EXERCISE OBJECTIVE = The records below hold a stretch from the line with "1. movable object" through the line with "14. pedestrian [985,565,993,583]"; return exactly those lines, ends included, and nothing more.

TASK MATERIAL =
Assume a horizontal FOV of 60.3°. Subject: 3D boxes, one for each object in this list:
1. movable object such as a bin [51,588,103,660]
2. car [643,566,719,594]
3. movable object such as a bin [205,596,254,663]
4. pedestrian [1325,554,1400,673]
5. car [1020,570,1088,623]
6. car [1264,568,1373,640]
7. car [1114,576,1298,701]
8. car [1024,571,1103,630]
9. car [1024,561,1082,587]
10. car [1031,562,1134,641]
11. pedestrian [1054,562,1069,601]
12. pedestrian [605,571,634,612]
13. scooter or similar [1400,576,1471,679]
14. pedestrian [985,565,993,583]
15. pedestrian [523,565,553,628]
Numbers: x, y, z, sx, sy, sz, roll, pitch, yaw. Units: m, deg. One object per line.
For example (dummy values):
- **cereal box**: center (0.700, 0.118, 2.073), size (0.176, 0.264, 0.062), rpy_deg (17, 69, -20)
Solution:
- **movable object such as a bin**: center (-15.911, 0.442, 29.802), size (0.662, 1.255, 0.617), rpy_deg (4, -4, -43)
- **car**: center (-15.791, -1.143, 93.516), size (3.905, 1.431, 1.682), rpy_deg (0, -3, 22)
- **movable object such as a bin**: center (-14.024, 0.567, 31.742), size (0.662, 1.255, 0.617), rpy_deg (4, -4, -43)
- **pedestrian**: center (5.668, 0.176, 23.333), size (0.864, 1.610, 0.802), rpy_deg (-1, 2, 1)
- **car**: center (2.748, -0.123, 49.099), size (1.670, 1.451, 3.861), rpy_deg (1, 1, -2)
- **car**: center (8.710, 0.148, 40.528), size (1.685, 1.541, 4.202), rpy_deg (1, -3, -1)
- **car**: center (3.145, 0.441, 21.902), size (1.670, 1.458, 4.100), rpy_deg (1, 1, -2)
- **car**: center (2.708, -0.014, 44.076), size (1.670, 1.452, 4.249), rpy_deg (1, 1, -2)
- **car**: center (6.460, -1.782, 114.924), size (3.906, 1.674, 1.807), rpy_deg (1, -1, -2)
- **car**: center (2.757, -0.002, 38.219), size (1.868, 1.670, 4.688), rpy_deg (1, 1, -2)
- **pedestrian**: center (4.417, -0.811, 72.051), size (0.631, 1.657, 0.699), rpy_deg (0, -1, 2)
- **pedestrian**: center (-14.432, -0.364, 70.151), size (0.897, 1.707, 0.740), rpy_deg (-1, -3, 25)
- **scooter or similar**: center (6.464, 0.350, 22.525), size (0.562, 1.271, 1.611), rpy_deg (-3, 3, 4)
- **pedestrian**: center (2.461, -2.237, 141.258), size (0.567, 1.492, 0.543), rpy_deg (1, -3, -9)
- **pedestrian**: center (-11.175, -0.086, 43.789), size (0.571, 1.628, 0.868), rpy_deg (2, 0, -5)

RESPONSE TO THE EXERCISE =
1. movable object such as a bin [51,588,103,660]
2. car [643,566,719,594]
3. movable object such as a bin [205,596,254,663]
4. pedestrian [1325,554,1400,673]
5. car [1020,570,1088,623]
6. car [1264,568,1373,640]
7. car [1114,576,1298,701]
8. car [1024,571,1103,630]
9. car [1024,561,1082,587]
10. car [1031,562,1134,641]
11. pedestrian [1054,562,1069,601]
12. pedestrian [605,571,634,612]
13. scooter or similar [1400,576,1471,679]
14. pedestrian [985,565,993,583]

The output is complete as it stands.